## WHAT TO DO:
Each line below that includes the word "object" is to be reported.
·····
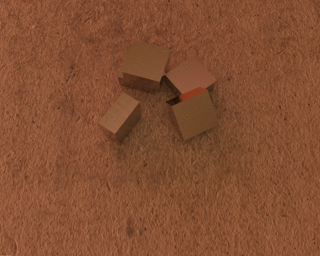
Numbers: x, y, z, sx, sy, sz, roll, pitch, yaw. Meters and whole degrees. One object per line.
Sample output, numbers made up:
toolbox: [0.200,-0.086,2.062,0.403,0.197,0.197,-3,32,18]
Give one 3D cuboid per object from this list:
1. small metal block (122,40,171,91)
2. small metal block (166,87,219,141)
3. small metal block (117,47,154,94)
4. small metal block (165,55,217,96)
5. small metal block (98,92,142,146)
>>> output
small metal block: [-0.017,-0.083,0.412,0.050,0.025,0.050,16,71,5]
small metal block: [0.042,-0.019,0.401,0.050,0.025,0.050,-25,113,-9]
small metal block: [-0.026,-0.081,0.437,0.050,0.025,0.050,16,71,5]
small metal block: [0.042,-0.064,0.432,0.050,0.025,0.050,-36,74,-12]
small metal block: [-0.050,-0.010,0.398,0.025,0.050,0.050,32,73,11]
·····
## ANSWER TO THIS PROBLEM:
Numbers: x, y, z, sx, sy, sz, roll, pitch, yaw. Meters and whole degrees. One object per line.
Give one 3D cuboid per object from this list:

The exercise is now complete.